**To do:**
Retype, word for word, each line between the lines holding "#6 wall socket at [280, 137, 284, 145]" and "#15 handle at [536, 126, 539, 135]", inclusive, and leave the rest of the data alone.

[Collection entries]
=== Section Start ===
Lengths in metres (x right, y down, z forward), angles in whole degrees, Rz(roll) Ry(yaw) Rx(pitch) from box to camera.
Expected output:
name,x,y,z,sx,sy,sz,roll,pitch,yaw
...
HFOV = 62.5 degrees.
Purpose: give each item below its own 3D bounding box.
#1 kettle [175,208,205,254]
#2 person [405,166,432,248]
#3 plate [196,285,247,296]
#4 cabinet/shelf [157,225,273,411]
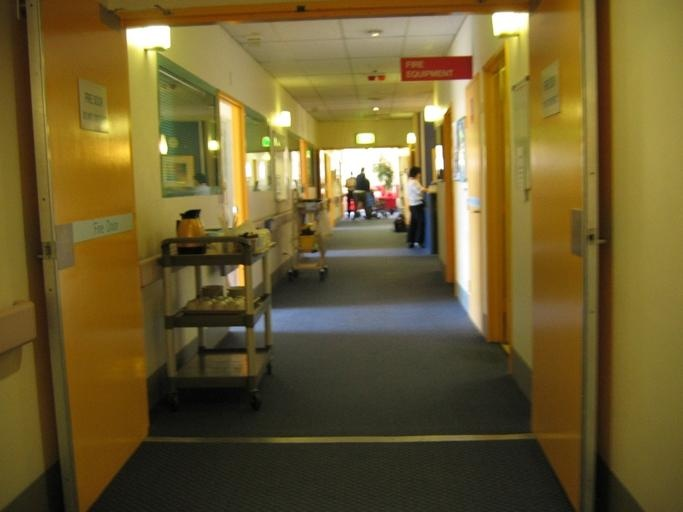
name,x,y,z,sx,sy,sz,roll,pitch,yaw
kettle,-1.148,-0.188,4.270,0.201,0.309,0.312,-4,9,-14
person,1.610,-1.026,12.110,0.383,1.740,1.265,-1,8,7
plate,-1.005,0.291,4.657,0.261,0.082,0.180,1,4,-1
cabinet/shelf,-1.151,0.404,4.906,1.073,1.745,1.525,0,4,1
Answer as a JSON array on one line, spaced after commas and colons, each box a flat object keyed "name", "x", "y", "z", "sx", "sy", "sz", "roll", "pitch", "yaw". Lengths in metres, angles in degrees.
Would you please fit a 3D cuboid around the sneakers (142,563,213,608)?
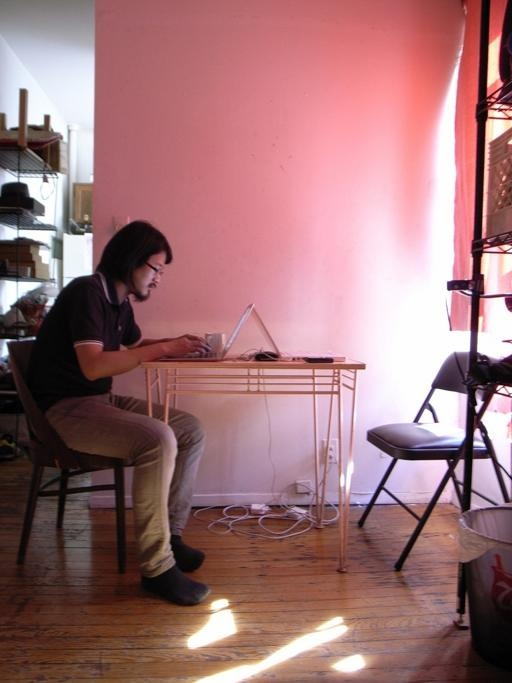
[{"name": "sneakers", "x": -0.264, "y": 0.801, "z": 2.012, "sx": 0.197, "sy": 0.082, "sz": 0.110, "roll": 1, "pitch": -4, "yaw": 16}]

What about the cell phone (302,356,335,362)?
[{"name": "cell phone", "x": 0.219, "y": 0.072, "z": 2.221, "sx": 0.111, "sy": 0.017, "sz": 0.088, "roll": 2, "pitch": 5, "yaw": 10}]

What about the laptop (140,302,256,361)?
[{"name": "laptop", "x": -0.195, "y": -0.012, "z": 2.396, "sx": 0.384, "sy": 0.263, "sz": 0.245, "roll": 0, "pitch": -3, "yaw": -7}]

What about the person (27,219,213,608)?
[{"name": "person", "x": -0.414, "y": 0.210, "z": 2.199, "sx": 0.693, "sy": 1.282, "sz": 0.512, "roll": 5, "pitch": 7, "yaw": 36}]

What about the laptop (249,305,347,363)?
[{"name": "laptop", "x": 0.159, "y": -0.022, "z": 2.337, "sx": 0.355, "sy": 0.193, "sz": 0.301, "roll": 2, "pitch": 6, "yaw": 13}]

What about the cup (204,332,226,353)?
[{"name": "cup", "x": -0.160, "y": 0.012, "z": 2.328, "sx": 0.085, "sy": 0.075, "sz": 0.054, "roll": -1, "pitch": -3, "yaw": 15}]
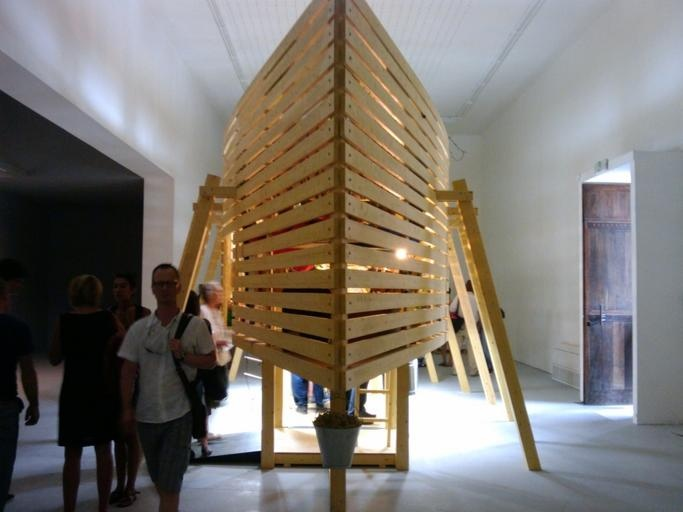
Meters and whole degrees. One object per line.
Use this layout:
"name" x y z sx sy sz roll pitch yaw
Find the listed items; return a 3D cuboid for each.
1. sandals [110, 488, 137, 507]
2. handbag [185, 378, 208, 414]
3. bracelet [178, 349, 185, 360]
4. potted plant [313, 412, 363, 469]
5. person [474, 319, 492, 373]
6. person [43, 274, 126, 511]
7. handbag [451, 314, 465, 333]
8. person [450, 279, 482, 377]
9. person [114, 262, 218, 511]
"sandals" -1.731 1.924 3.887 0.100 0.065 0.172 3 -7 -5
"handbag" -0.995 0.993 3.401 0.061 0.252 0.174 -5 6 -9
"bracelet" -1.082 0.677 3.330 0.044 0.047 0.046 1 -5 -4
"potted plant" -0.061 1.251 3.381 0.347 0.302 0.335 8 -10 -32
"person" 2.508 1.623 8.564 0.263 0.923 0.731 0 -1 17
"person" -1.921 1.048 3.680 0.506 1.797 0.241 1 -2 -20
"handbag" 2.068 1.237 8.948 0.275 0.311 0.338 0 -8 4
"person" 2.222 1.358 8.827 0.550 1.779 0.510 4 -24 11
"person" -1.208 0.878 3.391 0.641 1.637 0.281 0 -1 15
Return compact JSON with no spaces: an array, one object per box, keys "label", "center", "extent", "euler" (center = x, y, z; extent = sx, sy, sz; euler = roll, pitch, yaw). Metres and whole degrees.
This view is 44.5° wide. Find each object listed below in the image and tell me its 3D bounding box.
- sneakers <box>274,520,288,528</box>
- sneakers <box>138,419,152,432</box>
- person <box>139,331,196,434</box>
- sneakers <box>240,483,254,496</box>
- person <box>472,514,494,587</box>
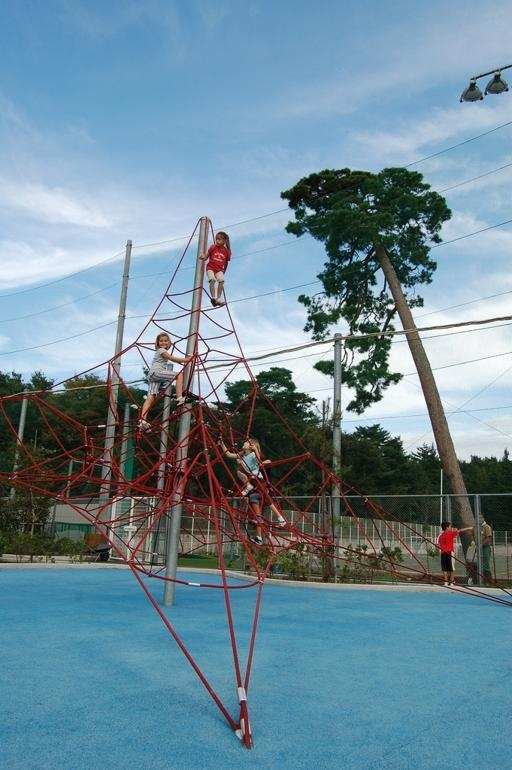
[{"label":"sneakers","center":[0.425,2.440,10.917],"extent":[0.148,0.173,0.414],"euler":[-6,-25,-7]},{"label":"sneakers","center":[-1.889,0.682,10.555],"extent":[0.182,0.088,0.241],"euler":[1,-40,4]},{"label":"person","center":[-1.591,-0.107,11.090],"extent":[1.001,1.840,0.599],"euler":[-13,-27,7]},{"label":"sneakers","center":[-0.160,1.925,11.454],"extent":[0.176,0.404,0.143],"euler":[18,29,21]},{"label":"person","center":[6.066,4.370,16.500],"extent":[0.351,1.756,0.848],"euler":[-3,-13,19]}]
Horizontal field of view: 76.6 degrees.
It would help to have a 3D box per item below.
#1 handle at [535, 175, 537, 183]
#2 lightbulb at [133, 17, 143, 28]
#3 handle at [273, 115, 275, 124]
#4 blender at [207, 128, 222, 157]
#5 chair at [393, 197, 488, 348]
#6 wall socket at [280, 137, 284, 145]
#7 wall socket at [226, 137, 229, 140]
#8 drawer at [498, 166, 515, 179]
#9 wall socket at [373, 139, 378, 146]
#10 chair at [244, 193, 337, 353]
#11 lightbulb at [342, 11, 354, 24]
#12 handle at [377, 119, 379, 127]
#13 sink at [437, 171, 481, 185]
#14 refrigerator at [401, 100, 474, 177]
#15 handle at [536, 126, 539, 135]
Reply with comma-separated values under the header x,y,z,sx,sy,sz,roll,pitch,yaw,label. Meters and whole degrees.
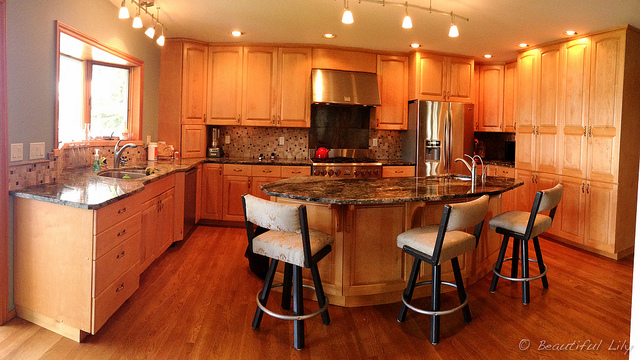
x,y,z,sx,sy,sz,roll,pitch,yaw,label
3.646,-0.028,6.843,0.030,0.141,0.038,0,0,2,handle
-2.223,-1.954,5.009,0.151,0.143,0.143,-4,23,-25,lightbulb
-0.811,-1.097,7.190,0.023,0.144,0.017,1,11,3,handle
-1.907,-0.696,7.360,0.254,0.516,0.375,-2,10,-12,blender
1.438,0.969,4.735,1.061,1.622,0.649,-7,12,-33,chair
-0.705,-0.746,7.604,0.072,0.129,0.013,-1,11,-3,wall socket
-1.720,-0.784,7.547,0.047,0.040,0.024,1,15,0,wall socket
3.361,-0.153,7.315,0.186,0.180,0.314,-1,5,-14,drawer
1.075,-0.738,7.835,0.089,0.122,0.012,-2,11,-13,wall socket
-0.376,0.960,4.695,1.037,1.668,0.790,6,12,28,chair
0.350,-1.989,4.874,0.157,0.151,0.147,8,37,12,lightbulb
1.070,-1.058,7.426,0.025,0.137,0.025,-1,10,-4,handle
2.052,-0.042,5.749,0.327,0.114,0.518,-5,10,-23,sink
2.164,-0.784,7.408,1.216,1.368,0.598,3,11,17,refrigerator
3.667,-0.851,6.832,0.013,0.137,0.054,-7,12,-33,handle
=== Section End ===
=== Section Start ===
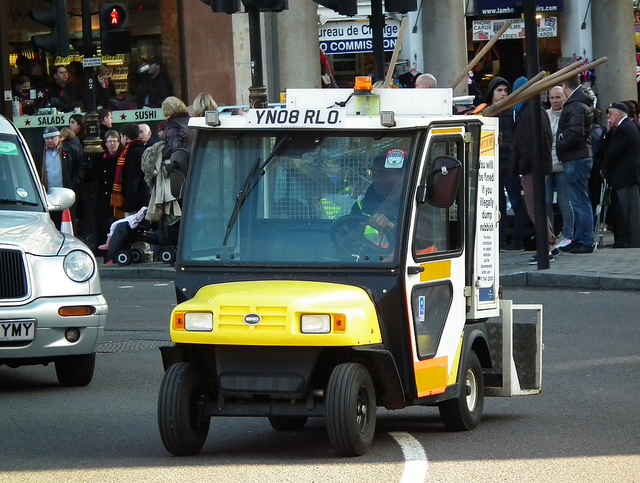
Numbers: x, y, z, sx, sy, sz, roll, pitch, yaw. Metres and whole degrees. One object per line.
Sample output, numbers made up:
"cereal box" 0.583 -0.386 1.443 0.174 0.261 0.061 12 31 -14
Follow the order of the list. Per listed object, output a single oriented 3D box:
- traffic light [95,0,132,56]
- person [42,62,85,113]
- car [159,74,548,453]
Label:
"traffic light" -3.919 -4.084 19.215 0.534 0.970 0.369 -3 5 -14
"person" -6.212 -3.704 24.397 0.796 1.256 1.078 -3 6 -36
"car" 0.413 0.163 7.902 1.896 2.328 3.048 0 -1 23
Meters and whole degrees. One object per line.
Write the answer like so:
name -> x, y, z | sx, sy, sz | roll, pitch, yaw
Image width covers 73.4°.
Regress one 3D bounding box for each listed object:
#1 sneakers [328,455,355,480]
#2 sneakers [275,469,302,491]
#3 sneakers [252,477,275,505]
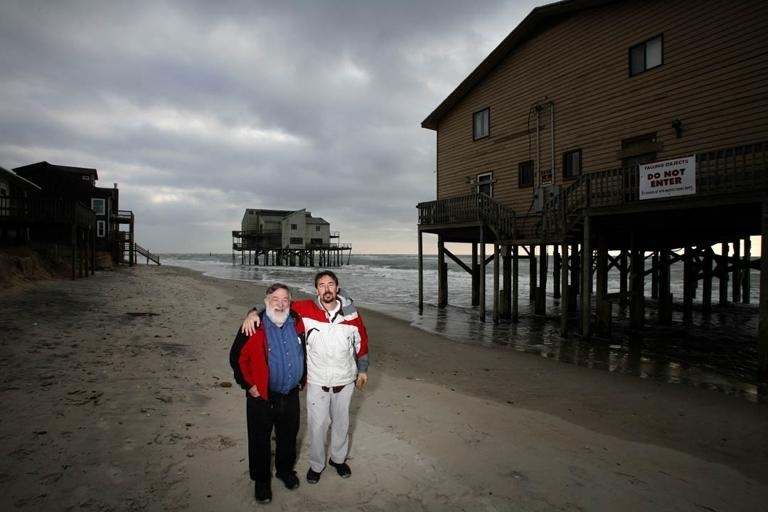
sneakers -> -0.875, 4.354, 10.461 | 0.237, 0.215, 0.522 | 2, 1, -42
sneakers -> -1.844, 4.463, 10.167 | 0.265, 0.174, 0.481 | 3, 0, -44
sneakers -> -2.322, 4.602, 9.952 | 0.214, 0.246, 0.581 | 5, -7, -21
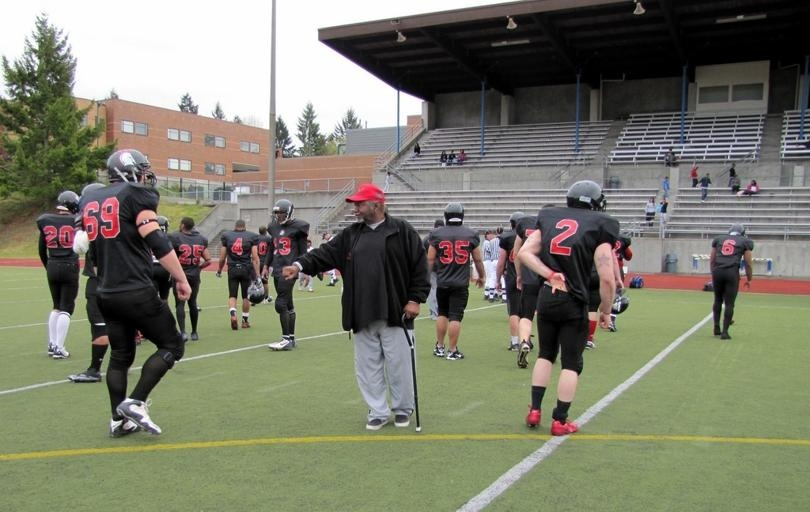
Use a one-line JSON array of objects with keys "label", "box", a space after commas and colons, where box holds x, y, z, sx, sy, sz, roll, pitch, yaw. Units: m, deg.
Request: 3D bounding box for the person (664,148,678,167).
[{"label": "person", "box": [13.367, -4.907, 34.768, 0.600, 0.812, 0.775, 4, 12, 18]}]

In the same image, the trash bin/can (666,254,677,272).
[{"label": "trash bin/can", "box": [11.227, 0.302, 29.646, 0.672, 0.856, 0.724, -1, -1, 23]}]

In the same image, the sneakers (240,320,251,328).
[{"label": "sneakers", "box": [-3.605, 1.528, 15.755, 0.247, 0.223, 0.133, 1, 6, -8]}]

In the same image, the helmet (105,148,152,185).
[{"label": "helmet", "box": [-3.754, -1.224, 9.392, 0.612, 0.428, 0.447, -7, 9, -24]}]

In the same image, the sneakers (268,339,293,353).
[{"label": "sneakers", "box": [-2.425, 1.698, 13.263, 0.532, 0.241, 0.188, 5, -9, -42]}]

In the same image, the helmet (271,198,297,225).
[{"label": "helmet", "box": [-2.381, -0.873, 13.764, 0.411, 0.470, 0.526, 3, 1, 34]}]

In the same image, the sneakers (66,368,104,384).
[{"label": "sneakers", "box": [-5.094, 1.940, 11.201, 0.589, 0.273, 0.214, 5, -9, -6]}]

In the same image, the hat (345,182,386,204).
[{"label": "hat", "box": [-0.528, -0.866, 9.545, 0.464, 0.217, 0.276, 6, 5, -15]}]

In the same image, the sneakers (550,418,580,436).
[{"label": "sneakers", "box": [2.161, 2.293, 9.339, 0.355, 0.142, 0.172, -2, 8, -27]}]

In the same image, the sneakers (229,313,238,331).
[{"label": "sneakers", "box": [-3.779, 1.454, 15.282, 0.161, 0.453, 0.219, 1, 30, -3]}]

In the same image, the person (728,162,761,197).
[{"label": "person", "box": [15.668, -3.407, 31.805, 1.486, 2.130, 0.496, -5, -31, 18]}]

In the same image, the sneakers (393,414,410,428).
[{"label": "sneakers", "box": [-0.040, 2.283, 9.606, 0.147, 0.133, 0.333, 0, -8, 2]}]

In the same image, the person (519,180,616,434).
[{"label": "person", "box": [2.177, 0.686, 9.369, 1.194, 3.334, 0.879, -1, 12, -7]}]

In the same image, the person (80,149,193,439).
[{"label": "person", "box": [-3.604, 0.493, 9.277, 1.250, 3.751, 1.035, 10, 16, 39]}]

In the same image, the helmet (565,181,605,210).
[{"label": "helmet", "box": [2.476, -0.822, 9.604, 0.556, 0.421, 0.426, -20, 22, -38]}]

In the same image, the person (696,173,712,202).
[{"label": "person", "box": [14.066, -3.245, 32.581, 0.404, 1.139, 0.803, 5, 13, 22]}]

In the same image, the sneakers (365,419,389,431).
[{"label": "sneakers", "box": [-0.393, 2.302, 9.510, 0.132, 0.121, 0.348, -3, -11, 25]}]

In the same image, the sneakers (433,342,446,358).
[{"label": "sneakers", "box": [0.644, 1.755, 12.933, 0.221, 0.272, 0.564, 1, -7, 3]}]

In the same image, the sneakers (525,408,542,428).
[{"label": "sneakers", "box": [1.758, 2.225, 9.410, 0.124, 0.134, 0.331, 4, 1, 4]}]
=== Section End ===
**Result for this task:**
#6 wall socket at [280, 137, 284, 145]
#7 wall socket at [226, 137, 229, 140]
#8 drawer at [498, 166, 515, 179]
#9 wall socket at [373, 139, 378, 146]
#10 chair at [244, 193, 337, 353]
#11 lightbulb at [342, 11, 354, 24]
#12 handle at [377, 119, 379, 127]
#13 sink at [437, 171, 481, 185]
#14 refrigerator at [401, 100, 474, 177]
#15 handle at [536, 126, 539, 135]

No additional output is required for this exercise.